Records contained in a dataset:
* * * * * * *

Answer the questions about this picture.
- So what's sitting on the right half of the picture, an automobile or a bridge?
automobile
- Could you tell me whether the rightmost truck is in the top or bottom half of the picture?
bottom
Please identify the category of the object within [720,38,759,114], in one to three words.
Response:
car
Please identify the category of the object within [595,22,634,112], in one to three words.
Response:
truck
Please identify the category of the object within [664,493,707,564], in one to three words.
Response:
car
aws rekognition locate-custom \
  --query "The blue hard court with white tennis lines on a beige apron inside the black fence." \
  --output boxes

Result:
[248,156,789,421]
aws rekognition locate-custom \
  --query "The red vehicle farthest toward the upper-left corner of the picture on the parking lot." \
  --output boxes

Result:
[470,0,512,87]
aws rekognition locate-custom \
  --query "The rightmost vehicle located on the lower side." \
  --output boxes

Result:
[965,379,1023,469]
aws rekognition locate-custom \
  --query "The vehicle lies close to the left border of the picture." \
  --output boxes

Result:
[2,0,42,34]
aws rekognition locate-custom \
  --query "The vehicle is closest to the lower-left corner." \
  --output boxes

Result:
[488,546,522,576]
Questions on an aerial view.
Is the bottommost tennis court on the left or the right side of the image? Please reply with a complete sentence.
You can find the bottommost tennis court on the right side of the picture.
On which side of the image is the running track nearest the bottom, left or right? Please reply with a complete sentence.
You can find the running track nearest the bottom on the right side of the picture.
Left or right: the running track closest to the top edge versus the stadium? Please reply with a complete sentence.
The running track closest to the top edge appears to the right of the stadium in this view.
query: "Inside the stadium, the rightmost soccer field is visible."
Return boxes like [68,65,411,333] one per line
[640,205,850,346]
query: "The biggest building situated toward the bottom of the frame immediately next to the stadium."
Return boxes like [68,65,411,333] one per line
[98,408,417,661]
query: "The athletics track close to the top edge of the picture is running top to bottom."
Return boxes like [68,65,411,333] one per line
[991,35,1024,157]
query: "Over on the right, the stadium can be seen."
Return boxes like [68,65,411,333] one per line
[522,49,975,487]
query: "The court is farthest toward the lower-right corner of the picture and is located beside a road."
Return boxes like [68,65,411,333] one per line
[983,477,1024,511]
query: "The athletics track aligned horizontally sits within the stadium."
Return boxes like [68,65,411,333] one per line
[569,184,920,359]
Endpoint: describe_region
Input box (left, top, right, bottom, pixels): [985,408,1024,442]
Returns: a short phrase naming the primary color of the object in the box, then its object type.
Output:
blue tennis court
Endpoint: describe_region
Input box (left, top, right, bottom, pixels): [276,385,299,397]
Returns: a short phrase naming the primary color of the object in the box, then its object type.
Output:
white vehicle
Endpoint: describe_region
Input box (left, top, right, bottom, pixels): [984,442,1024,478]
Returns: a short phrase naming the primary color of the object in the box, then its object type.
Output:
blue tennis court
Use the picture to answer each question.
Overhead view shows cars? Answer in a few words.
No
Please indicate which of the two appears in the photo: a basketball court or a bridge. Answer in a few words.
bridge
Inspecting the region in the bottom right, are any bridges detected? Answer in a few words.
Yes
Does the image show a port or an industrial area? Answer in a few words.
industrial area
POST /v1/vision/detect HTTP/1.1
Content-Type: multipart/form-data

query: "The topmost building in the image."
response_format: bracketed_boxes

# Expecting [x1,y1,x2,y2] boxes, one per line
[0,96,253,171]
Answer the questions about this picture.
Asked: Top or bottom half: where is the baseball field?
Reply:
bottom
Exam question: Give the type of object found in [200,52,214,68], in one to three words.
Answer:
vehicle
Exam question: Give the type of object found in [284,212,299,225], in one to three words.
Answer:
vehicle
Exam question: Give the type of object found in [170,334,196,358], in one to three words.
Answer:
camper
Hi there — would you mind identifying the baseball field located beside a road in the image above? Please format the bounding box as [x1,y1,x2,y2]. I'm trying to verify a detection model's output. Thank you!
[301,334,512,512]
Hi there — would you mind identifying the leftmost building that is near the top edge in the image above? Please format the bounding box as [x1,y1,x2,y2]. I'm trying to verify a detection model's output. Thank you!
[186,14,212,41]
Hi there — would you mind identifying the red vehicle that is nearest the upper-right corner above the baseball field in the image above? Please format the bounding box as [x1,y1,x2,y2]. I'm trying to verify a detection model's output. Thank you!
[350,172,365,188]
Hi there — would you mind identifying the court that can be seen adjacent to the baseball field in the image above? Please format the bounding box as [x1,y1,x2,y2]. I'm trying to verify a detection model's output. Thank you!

* * * * * * *

THE PROBLEM: Nothing in the data should be altered; please repeat it exactly.

OUTPUT:
Answer the questions about this picture.
- So what's sitting on the right half of the picture, an automobile or a bridge?
automobile
- Could you tell me whether the rightmost truck is in the top or bottom half of the picture?
bottom
Please identify the category of the object within [720,38,759,114], in one to three words.
Response:
car
Please identify the category of the object within [595,22,634,112], in one to three words.
Response:
truck
Please identify the category of the object within [664,493,707,564], in one to three words.
Response:
car
aws rekognition locate-custom \
  --query "The blue hard court with white tennis lines on a beige apron inside the black fence." \
  --output boxes

Result:
[248,156,789,421]
aws rekognition locate-custom \
  --query "The red vehicle farthest toward the upper-left corner of the picture on the parking lot." \
  --output boxes

Result:
[470,0,512,87]
aws rekognition locate-custom \
  --query "The rightmost vehicle located on the lower side." \
  --output boxes

Result:
[965,379,1023,469]
aws rekognition locate-custom \
  --query "The vehicle lies close to the left border of the picture." \
  --output boxes

Result:
[2,0,42,34]
aws rekognition locate-custom \
  --query "The vehicle is closest to the lower-left corner." \
  --output boxes

Result:
[488,546,522,576]
Questions on an aerial view.
Is the bottommost tennis court on the left or the right side of the image? Please reply with a complete sentence.
You can find the bottommost tennis court on the right side of the picture.
On which side of the image is the running track nearest the bottom, left or right? Please reply with a complete sentence.
You can find the running track nearest the bottom on the right side of the picture.
Left or right: the running track closest to the top edge versus the stadium? Please reply with a complete sentence.
The running track closest to the top edge appears to the right of the stadium in this view.
query: "Inside the stadium, the rightmost soccer field is visible."
Return boxes like [68,65,411,333] one per line
[640,205,850,346]
query: "The biggest building situated toward the bottom of the frame immediately next to the stadium."
Return boxes like [68,65,411,333] one per line
[98,408,417,661]
query: "The athletics track close to the top edge of the picture is running top to bottom."
Return boxes like [68,65,411,333] one per line
[991,35,1024,157]
query: "Over on the right, the stadium can be seen."
Return boxes like [68,65,411,333] one per line
[522,49,975,487]
query: "The court is farthest toward the lower-right corner of the picture and is located beside a road."
Return boxes like [68,65,411,333] one per line
[983,477,1024,511]
query: "The athletics track aligned horizontally sits within the stadium."
Return boxes like [68,65,411,333] one per line
[569,184,920,359]
Endpoint: describe_region
Input box (left, top, right, bottom, pixels): [985,408,1024,442]
Returns: a short phrase naming the primary color of the object in the box, then its object type.
Output:
blue tennis court
Endpoint: describe_region
Input box (left, top, right, bottom, pixels): [276,385,299,397]
Returns: a short phrase naming the primary color of the object in the box, then its object type.
Output:
white vehicle
Endpoint: describe_region
Input box (left, top, right, bottom, pixels): [984,442,1024,478]
Returns: a short phrase naming the primary color of the object in the box, then its object type.
Output:
blue tennis court
Use the picture to answer each question.
Overhead view shows cars? Answer in a few words.
No
Please indicate which of the two appears in the photo: a basketball court or a bridge. Answer in a few words.
bridge
Inspecting the region in the bottom right, are any bridges detected? Answer in a few words.
Yes
Does the image show a port or an industrial area? Answer in a few words.
industrial area
POST /v1/vision/detect HTTP/1.1
Content-Type: multipart/form-data

query: "The topmost building in the image."
response_format: bracketed_boxes

# Expecting [x1,y1,x2,y2] boxes, one per line
[0,96,253,171]
Answer the questions about this picture.
Asked: Top or bottom half: where is the baseball field?
Reply:
bottom
Exam question: Give the type of object found in [200,52,214,68], in one to three words.
Answer:
vehicle
Exam question: Give the type of object found in [284,212,299,225], in one to three words.
Answer:
vehicle
Exam question: Give the type of object found in [170,334,196,358], in one to three words.
Answer:
camper
Hi there — would you mind identifying the baseball field located beside a road in the image above? Please format the bounding box as [x1,y1,x2,y2]. I'm trying to verify a detection model's output. Thank you!
[301,334,512,512]
Hi there — would you mind identifying the leftmost building that is near the top edge in the image above? Please format the bounding box as [x1,y1,x2,y2]. I'm trying to verify a detection model's output. Thank you!
[186,14,212,41]
Hi there — would you mind identifying the red vehicle that is nearest the upper-right corner above the baseball field in the image above? Please format the bounding box as [x1,y1,x2,y2]. I'm trying to verify a detection model's output. Thank you!
[350,172,365,188]
Hi there — would you mind identifying the court that can be seen adjacent to the baseball field in the image above? Please format the bounding box as [x1,y1,x2,y2]. I'm trying to verify a detection model's output. Thank you!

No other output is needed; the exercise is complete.